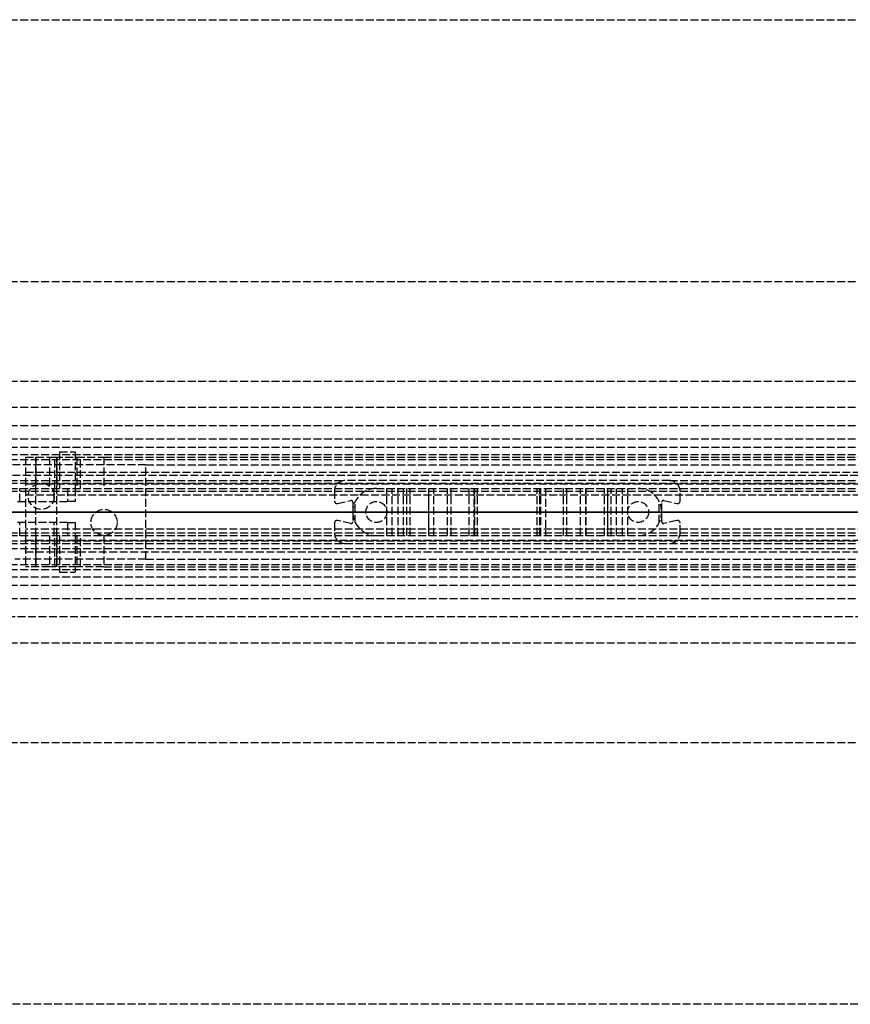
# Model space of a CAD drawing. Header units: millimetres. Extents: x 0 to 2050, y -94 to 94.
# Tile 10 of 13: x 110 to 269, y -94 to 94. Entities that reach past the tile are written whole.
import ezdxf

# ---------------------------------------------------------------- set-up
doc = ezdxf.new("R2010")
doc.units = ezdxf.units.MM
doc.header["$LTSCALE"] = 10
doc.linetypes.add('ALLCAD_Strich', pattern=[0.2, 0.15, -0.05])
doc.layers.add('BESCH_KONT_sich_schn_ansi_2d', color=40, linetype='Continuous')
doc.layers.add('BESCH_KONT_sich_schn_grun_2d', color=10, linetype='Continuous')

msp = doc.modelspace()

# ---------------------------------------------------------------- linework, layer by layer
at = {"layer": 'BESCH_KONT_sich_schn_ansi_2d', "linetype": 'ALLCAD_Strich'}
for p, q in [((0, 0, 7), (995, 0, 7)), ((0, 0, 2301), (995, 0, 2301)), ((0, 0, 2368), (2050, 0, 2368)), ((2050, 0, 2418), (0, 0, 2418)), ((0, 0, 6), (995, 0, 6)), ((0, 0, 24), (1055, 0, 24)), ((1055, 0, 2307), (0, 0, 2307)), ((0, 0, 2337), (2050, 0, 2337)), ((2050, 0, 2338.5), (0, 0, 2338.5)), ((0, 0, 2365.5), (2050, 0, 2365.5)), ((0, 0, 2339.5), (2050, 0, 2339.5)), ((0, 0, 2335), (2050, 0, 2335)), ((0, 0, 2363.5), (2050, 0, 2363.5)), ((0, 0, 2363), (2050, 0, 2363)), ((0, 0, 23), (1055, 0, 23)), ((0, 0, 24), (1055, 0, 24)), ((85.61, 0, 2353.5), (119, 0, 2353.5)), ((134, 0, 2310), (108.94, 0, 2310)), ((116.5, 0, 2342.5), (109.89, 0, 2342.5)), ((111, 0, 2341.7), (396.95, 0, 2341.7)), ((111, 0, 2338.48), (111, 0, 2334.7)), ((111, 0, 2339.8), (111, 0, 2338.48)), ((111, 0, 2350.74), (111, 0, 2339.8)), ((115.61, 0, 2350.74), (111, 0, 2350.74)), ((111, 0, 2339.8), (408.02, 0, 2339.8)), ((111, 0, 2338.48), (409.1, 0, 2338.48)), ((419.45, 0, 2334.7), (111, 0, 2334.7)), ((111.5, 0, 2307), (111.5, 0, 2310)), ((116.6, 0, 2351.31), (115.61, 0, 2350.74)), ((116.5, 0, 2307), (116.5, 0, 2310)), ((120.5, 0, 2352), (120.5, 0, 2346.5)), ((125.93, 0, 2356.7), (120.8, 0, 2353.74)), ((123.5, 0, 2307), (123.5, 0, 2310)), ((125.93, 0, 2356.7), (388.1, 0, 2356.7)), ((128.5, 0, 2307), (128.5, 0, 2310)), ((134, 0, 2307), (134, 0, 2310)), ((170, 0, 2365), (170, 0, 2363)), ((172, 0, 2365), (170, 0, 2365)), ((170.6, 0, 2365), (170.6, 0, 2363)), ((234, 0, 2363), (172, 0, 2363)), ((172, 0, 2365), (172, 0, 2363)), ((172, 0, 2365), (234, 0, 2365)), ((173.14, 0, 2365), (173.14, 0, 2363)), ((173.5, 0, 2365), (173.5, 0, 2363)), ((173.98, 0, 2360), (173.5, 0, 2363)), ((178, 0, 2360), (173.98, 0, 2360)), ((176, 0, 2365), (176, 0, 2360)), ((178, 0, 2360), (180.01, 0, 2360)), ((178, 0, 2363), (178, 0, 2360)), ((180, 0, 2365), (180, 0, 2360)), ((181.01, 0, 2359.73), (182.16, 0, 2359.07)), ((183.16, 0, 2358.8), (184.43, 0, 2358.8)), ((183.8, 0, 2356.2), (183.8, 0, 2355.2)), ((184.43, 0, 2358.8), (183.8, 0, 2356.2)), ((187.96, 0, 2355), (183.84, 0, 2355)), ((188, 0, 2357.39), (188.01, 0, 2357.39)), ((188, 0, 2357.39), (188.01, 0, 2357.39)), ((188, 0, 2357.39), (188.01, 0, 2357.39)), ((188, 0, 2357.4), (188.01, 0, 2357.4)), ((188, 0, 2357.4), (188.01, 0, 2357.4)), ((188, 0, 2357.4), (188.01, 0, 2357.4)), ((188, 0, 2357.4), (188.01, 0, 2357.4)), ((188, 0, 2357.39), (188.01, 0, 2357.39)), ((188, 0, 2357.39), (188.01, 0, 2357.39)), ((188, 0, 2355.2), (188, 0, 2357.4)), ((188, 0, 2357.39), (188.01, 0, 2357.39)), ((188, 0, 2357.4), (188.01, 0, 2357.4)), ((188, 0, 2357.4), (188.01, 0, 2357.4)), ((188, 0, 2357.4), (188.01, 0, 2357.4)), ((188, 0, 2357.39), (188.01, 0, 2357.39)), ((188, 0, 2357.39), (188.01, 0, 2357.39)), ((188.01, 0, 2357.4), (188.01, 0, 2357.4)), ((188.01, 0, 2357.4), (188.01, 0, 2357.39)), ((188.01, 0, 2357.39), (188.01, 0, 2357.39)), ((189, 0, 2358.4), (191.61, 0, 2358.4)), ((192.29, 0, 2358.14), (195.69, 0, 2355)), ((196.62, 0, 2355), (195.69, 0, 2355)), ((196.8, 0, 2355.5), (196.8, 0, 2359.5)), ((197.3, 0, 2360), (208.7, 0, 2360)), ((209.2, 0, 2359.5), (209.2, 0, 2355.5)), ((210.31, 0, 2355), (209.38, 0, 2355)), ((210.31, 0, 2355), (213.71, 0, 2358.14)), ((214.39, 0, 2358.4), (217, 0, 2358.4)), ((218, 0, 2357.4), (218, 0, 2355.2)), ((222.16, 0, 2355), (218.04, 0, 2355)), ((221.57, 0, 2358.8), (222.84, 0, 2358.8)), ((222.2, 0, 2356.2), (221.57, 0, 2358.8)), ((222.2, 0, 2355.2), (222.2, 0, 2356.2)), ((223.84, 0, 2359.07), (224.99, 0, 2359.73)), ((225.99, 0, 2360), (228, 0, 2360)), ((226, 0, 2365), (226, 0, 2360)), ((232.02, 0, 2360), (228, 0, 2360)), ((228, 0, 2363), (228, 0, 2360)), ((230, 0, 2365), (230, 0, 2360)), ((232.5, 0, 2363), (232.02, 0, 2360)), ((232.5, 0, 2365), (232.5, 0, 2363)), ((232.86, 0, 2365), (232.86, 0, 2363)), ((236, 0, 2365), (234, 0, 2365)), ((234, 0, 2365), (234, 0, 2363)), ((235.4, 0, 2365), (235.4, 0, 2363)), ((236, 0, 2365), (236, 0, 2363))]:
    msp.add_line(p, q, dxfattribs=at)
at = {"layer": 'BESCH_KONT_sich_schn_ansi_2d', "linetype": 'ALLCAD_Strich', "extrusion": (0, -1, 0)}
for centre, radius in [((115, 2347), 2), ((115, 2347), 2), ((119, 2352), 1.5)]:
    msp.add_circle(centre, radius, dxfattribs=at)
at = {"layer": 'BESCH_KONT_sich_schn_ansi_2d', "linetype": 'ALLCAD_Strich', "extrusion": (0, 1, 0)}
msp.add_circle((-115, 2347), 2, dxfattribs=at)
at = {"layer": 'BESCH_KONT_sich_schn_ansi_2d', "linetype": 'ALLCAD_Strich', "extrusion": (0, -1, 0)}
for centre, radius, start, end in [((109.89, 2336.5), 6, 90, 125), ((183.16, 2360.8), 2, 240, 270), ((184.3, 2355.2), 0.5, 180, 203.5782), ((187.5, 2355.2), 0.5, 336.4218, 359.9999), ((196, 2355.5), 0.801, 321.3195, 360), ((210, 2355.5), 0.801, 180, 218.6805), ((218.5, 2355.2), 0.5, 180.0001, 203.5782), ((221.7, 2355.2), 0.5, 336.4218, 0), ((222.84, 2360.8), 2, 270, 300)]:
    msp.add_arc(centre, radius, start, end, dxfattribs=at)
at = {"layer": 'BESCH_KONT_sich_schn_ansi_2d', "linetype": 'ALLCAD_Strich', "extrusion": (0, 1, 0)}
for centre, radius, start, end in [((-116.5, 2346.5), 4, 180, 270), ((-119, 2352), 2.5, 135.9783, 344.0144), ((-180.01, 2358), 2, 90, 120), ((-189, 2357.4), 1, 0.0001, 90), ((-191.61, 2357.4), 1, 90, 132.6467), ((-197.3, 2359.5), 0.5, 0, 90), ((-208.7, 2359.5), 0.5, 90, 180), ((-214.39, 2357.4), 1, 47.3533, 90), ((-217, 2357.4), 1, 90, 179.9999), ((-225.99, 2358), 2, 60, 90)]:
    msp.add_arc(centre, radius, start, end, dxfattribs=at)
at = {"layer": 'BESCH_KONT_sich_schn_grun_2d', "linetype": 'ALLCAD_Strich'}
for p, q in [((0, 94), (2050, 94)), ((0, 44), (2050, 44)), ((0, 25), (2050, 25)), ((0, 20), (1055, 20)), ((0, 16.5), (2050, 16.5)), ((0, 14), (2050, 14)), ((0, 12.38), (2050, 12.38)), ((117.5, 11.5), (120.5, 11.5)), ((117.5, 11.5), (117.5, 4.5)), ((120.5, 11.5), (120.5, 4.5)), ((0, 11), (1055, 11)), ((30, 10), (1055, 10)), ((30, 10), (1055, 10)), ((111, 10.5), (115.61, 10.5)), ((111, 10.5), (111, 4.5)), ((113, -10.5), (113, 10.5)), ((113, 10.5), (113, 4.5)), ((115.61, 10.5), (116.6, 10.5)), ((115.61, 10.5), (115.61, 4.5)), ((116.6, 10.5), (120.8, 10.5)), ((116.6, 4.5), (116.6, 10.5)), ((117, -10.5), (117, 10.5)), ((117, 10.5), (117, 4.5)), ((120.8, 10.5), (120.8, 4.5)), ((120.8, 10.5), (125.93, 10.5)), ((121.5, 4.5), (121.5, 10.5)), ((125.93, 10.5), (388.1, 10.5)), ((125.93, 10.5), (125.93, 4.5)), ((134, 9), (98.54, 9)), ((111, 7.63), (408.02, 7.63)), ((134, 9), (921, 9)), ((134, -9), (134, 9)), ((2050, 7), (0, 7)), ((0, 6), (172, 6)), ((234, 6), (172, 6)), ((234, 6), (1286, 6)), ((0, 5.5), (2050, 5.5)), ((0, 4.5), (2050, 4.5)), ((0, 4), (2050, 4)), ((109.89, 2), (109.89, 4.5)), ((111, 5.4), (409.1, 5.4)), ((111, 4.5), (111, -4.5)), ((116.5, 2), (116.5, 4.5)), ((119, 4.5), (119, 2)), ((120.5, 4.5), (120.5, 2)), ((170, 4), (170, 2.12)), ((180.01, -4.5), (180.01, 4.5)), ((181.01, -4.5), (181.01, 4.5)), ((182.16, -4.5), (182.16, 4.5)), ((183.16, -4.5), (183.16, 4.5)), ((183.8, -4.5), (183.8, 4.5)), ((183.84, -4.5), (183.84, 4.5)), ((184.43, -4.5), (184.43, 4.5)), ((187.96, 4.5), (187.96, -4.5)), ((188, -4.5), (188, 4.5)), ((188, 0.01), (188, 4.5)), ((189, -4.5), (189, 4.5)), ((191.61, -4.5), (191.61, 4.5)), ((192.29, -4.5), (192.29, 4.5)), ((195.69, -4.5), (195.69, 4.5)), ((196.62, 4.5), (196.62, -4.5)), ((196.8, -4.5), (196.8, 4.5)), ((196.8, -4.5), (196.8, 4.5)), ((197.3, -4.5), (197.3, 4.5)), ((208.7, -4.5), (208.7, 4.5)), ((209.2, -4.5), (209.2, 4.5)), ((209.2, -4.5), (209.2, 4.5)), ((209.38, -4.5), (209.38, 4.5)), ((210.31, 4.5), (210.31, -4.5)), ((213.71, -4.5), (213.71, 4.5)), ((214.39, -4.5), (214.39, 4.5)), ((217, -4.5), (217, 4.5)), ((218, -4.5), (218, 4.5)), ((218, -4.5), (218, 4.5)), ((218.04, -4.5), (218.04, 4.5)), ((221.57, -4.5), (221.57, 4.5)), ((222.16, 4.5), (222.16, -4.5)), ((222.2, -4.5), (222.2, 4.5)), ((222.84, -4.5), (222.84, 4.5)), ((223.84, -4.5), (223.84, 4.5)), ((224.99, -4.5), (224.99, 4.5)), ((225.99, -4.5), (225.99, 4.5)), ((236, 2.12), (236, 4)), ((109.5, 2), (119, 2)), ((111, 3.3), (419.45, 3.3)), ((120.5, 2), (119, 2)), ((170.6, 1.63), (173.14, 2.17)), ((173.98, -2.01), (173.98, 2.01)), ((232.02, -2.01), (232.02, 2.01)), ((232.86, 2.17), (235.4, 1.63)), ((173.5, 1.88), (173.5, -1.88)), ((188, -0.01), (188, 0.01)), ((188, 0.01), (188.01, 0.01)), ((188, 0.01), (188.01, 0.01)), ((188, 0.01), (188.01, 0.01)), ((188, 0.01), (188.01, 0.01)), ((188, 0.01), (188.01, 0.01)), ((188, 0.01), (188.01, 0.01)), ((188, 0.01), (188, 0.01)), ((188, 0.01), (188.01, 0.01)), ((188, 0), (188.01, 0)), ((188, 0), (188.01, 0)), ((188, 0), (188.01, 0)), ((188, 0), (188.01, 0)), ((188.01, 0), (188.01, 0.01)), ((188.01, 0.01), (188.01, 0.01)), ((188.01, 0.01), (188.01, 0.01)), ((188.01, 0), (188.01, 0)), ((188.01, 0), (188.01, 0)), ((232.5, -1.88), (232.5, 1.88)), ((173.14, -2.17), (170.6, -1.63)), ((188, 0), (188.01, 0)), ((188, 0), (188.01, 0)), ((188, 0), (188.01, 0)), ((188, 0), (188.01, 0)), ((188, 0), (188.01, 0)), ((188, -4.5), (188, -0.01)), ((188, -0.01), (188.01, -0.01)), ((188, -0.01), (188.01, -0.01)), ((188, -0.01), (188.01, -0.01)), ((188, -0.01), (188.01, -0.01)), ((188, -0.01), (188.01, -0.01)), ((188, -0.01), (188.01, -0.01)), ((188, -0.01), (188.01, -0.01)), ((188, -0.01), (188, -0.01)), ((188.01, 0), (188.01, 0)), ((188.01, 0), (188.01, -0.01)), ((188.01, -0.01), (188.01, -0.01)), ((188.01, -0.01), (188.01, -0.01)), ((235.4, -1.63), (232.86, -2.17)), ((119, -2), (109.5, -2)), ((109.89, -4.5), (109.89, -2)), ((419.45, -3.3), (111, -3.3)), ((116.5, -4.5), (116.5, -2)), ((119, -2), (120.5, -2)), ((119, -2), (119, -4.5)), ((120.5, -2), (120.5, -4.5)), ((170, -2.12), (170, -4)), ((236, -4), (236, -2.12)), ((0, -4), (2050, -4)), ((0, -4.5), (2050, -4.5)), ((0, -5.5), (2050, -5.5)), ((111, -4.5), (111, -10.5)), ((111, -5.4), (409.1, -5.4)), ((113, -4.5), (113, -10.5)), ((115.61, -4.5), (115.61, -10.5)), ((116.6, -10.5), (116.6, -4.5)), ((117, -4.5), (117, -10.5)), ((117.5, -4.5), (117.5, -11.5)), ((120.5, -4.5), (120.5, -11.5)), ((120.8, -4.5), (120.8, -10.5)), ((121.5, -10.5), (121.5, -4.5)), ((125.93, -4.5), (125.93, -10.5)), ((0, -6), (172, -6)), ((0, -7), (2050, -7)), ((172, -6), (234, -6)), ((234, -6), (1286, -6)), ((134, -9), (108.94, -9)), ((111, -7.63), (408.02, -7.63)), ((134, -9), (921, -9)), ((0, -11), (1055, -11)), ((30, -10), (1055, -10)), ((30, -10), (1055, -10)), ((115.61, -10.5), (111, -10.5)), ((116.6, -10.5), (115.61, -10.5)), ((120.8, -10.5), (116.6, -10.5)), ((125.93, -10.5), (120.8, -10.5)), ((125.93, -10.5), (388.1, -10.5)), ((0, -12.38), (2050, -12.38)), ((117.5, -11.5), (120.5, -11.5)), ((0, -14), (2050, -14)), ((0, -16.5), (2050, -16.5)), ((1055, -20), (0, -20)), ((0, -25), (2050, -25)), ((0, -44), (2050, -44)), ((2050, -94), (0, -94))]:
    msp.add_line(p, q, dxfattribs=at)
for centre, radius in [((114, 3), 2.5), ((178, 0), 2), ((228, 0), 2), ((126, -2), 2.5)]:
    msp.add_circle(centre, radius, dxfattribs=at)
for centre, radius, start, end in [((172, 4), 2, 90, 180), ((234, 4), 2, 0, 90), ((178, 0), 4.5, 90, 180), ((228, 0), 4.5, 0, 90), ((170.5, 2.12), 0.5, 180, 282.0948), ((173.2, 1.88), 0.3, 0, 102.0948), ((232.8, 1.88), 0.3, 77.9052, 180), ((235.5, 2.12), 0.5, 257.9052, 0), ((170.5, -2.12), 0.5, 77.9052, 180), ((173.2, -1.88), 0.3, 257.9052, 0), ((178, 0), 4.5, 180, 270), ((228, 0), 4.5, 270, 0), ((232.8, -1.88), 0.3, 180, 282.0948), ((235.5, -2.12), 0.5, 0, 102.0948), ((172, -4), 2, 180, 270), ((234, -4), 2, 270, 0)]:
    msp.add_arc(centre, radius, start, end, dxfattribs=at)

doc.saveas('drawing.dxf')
========
§ Task to complete:
Each line above that contains the word "units" must be copied.

§ Written solution:
# Model space of a CAD drawing. Header units: millimetres. Extents: x 0 to 2050, y -94 to 94.
doc.units = ezdxf.units.MM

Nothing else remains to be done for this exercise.